Beer makers and German chancellor Angela Merkel mark anniversary of Germany's stringent beer law, which limits brewers to just four ingredients
INGOLSTADT, Germany—To some it’s the real deal, to others it’s a bland brew, but thanks to a 500-year-old rule everybody can be sure what’s in German beer.
Chancellor Angela Merkel was among those toasting the anniversary Friday of a law that allowed only water, hops and malt as ingredients—yeast was added to the list later.
Praising the law at a ceremony in Ingolstadt, southern Germany, Merkel half-jokingly quoted religious reformer and bon vivant Martin Luther, who said that “he who has no beer, has nothing to drink.”
Records have that in 1516 Duke William IV of Bavaria signed a beer purity law in the city that was eventually adopted throughout Germany. It’s still on the books, albeit with some exceptions, today.

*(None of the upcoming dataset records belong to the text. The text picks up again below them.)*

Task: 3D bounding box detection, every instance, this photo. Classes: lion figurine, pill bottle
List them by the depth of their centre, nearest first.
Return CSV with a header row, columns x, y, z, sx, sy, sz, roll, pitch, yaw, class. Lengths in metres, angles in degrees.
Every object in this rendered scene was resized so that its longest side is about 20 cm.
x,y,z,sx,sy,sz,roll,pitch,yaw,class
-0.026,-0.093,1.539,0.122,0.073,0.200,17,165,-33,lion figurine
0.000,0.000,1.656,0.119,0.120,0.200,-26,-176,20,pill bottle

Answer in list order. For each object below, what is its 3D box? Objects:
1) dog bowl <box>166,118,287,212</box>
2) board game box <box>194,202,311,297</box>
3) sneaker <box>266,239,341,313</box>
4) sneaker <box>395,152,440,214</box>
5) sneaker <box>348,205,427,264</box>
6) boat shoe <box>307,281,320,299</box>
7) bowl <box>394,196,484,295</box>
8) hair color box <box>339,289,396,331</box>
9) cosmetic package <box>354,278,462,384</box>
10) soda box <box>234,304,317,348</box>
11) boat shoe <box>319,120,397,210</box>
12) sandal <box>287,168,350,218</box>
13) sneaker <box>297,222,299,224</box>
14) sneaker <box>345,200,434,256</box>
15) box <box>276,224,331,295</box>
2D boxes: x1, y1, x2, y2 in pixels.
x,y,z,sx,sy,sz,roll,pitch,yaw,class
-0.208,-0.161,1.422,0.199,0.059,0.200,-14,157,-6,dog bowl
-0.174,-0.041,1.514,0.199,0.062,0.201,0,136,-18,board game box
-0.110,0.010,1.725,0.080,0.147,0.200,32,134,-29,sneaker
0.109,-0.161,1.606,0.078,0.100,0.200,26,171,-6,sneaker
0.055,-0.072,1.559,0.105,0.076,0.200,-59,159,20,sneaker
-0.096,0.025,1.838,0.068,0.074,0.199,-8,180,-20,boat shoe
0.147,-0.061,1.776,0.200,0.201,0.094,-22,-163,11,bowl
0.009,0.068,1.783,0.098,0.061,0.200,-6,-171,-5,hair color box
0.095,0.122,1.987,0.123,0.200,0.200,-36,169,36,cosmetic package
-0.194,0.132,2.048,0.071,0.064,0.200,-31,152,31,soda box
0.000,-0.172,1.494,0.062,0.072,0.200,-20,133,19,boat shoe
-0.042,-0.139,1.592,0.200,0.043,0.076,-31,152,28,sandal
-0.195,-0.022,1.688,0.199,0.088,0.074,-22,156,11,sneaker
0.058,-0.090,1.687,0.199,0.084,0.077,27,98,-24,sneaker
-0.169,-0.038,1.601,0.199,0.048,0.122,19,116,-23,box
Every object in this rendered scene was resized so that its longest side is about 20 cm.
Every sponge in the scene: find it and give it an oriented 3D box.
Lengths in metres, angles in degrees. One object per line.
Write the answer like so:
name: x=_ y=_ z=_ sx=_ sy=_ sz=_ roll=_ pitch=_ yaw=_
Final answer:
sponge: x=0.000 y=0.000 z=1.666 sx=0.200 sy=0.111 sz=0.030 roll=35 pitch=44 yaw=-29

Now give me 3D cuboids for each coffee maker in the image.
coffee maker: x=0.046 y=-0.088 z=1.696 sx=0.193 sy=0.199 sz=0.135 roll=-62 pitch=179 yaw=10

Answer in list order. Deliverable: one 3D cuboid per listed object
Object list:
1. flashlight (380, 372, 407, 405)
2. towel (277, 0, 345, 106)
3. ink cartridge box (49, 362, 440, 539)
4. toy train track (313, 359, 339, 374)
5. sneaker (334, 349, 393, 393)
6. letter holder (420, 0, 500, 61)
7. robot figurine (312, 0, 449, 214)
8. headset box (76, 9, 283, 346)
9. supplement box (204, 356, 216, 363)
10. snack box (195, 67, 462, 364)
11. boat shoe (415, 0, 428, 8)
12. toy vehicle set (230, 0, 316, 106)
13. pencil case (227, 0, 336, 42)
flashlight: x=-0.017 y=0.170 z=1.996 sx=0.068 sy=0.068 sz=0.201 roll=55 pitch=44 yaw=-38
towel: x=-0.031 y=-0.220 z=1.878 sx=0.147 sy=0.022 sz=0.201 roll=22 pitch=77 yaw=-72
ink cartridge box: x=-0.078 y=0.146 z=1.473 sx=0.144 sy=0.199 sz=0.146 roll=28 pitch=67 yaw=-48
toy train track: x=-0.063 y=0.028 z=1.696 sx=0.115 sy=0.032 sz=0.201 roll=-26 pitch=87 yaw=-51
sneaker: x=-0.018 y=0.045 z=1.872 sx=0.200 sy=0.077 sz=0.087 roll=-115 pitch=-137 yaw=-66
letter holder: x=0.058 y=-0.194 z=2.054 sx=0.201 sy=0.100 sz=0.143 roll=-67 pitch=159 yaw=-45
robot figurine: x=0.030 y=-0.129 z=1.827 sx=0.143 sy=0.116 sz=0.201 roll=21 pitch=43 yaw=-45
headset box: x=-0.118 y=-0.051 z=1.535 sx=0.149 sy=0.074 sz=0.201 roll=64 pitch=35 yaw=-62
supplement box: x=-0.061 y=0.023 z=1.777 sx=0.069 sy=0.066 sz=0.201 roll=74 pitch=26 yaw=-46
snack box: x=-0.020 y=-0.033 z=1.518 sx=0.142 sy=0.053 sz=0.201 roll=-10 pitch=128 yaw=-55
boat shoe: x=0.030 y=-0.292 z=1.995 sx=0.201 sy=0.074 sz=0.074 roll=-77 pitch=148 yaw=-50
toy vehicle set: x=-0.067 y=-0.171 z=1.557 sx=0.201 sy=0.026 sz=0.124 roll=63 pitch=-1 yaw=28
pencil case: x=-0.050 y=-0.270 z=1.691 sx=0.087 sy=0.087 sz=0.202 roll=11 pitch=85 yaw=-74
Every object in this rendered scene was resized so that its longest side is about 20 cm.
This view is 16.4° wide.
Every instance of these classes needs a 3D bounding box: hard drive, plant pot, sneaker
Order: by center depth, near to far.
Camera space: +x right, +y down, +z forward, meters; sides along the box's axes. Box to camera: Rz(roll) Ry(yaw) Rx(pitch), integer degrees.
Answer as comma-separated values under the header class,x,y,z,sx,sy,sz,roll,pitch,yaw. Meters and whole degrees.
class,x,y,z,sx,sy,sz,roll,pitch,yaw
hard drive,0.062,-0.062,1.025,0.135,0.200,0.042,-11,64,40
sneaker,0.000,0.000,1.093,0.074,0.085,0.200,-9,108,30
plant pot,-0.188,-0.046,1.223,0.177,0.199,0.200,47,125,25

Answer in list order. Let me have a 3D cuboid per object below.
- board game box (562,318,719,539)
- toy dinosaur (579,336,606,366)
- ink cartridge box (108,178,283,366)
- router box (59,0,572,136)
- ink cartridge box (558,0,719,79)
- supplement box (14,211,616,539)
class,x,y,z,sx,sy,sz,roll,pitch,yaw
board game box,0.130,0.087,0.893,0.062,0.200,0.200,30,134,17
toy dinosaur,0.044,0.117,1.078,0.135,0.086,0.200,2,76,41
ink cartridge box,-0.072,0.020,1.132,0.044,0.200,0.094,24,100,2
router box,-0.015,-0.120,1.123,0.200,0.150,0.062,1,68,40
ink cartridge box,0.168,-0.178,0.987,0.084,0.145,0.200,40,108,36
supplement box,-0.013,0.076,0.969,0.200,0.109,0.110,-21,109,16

The law originally stipulated that only barley should be used for beer. Other grains, such as wheat, were considered too valuable as food to be turned into beverages, according to Nina Anika Klotz, editor of beer magazine Hopfenhelden.
Another argument was consumer protection: brews that contained ingredients such as fungus and herbs sometimes had “quite undesirable results,” said Klotz.

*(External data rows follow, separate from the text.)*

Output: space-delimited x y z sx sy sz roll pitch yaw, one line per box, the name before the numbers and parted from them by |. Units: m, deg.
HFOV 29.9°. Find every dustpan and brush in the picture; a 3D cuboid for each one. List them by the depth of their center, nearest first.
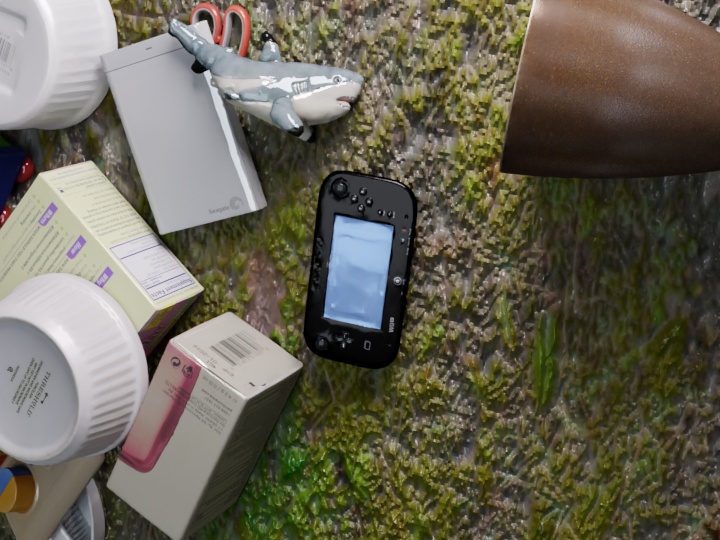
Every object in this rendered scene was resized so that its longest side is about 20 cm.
dustpan and brush | -0.341 0.334 1.608 0.139 0.057 0.201 -36 85 28

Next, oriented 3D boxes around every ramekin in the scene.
ramekin | -0.330 0.110 1.419 0.201 0.094 0.204 7 106 25
ramekin | -0.371 -0.247 1.457 0.199 0.098 0.202 7 106 25

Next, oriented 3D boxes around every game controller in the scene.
game controller | 0.000 0.000 1.369 0.104 0.042 0.202 14 109 22

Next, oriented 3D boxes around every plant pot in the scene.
plant pot | 0.236 -0.155 1.155 0.198 0.187 0.189 12 109 7

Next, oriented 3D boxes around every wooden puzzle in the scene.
wooden puzzle | -0.398 0.199 1.583 0.186 0.046 0.200 -52 60 26

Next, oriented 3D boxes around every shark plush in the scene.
shark plush | -0.099 -0.199 1.356 0.199 0.091 0.084 28 95 18

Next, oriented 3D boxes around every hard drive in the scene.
hard drive | -0.187 -0.147 1.422 0.131 0.027 0.202 -12 103 28

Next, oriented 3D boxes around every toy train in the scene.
toy train | -0.467 -0.081 1.560 0.116 0.084 0.201 42 117 22

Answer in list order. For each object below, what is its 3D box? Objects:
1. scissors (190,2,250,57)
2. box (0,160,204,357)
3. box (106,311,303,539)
scissors | -0.162 -0.184 1.418 0.073 0.014 0.202 21 111 20
box | -0.306 0.015 1.492 0.200 0.097 0.176 47 118 9
box | -0.167 0.165 1.443 0.109 0.128 0.201 34 114 15
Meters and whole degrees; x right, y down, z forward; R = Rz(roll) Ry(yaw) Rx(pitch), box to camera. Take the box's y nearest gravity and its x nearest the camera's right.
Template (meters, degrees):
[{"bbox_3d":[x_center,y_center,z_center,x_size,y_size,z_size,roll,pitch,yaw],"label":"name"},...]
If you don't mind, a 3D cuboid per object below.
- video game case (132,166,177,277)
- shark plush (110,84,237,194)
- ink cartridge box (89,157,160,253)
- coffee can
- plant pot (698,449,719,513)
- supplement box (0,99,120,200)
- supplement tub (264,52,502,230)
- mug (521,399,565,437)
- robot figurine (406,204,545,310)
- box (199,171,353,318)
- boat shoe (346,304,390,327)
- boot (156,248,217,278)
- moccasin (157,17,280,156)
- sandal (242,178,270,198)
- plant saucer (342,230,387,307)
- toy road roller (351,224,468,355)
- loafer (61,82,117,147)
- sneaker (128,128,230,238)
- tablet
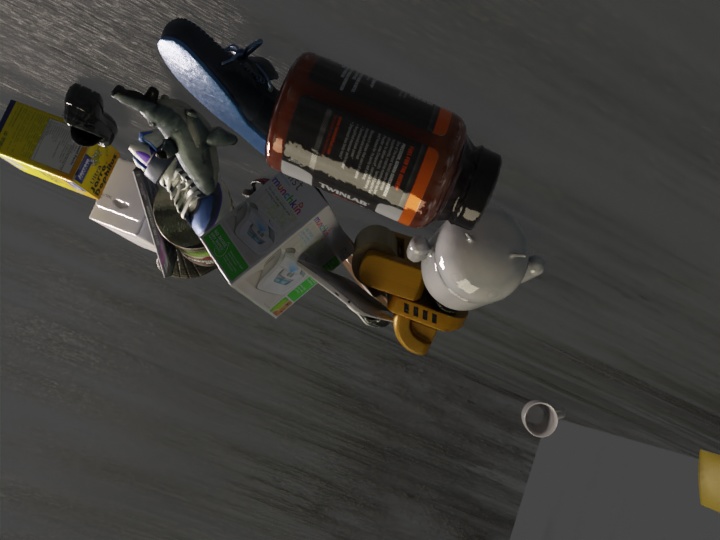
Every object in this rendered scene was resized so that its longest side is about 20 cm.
[{"bbox_3d":[-0.392,-0.104,1.198,0.018,0.205,0.143,-12,-161,-8],"label":"video game case"},{"bbox_3d":[-0.238,-0.177,0.818,0.089,0.085,0.200,19,170,17],"label":"shark plush"},{"bbox_3d":[-0.462,-0.128,1.390,0.144,0.149,0.200,18,170,22],"label":"ink cartridge box"},{"bbox_3d":[-0.310,-0.097,1.218,0.143,0.149,0.200,22,170,-2],"label":"coffee can"},{"bbox_3d":[1.276,0.749,2.125,0.197,0.180,0.199,26,170,-29],"label":"plant pot"},{"bbox_3d":[-0.604,-0.237,1.237,0.196,0.111,0.110,21,170,8],"label":"supplement box"},{"bbox_3d":[0.022,-0.105,0.551,0.196,0.109,0.107,23,170,0],"label":"supplement tub"},{"bbox_3d":[0.818,0.650,2.787,0.195,0.152,0.175,-10,175,6],"label":"mug"},{"bbox_3d":[0.137,-0.013,0.765,0.165,0.116,0.200,6,171,-4],"label":"robot figurine"},{"bbox_3d":[-0.116,-0.040,0.940,0.097,0.175,0.200,51,177,20],"label":"box"},{"bbox_3d":[0.034,0.125,1.861,0.060,0.077,0.198,20,172,46],"label":"boat shoe"},{"bbox_3d":[-0.345,-0.056,1.391,0.198,0.075,0.154,-13,-153,-4],"label":"boot"},{"bbox_3d":[-0.113,-0.177,0.599,0.079,0.069,0.200,25,172,29],"label":"moccasin"},{"bbox_3d":[-0.157,-0.130,1.045,0.074,0.046,0.200,30,-177,-14],"label":"sandal"},{"bbox_3d":[0.000,0.000,1.118,0.201,0.029,0.200,52,176,6],"label":"plant saucer"},{"bbox_3d":[0.069,0.034,0.940,0.196,0.149,0.123,20,-159,-4],"label":"toy road roller"},{"bbox_3d":[-0.440,-0.234,1.003,0.067,0.072,0.200,24,170,-10],"label":"loafer"},{"bbox_3d":[-0.279,-0.133,0.930,0.145,0.081,0.202,22,-146,-37],"label":"sneaker"},{"bbox_3d":[-0.012,0.035,0.957,0.129,0.014,0.199,37,-174,21],"label":"tablet"}]
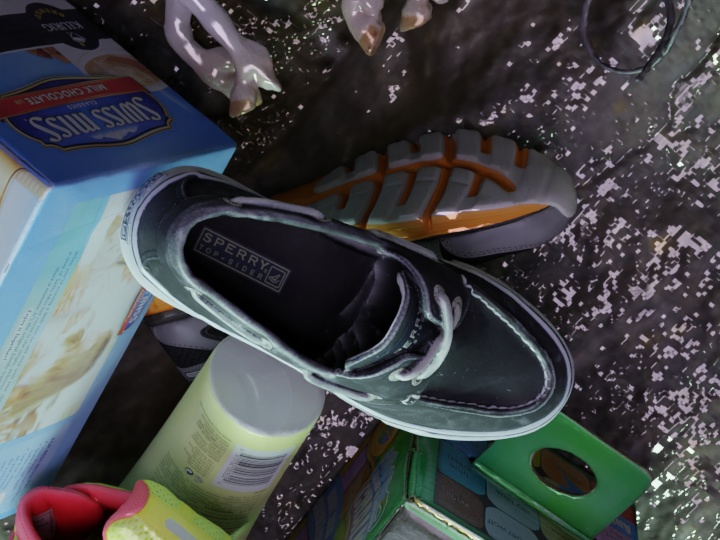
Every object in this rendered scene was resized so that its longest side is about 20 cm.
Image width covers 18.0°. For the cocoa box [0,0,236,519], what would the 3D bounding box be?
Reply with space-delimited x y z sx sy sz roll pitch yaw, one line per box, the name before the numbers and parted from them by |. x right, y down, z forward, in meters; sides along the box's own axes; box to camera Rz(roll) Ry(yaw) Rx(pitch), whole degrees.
cocoa box | -0.169 -0.002 0.910 0.131 0.133 0.200 39 116 17

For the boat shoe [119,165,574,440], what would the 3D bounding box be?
boat shoe | 0.006 0.017 0.862 0.200 0.068 0.072 28 88 -26

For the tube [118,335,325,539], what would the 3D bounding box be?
tube | -0.072 0.095 0.990 0.058 0.052 0.200 58 145 20

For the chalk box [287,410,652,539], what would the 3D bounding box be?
chalk box | 0.042 0.137 0.987 0.124 0.124 0.200 34 111 -10

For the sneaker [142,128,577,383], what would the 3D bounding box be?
sneaker | 0.000 0.000 0.958 0.199 0.078 0.077 -15 112 22

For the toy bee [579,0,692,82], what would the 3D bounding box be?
toy bee | 0.167 -0.147 0.847 0.131 0.109 0.200 35 97 18

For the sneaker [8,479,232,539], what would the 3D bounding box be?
sneaker | -0.122 0.127 0.968 0.200 0.078 0.090 -20 120 44

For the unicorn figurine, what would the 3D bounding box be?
unicorn figurine | -0.057 -0.134 0.908 0.200 0.074 0.138 -27 100 0

Critics say the so-called Reinheitsgebot—whose name means divine commandment in German—is little more than a marketing trick dreamed up in the early 20th century to promote German beer against foreign competitors.
While brewers in neighbouring Belgium merrily make beers containing coriander and orange peel, for example, such ingredients are theoretically “verboten” in Germany. This has proved particularly frustrating for a young guard of craft beer enthusiasts trying to break into the German market.
But some old-fashioned brewers feel stifled by the law, too.
Helmut Fritsche, owner of Klosterbrauerei Neuzelle brewery some two hours west of Berlin, started what became known as the Brandenburg Beer War after authorities ruled that his black beer was illegal because it contained sugar.
“We fought for ten years,” he said. “Fought with the federation of brewers, with the state government, until the highest administrative court in 2005 decided that our black beer, that includes a pinch of sugar, could be called beer.”
Fritsche now brews many beers with added natural ingredients, such as cherries, asparagus and even potatoes.
“What do we want beer as a product to represent? We want it to represent flavour. And we shouldn’t inhibit the variety of flavours. Of course we should never add ingredients that are dangerous to humans,” he said.
Fresh ideas may be needed if German brewers don’t want their income to dry up.
While Germans are still ranked second—just after the Czechs&mdahs;annual beer consumption per capita has fallen from 141 litres in 1991 to 98 litres last year.
At least one novelty seems to have the blessing of mainstream breweries, though. Last year, the share of alcohol-free beer rose to 5.6 per cent from 5.4 per cent in Germany thanks to its growing popularity among consumers.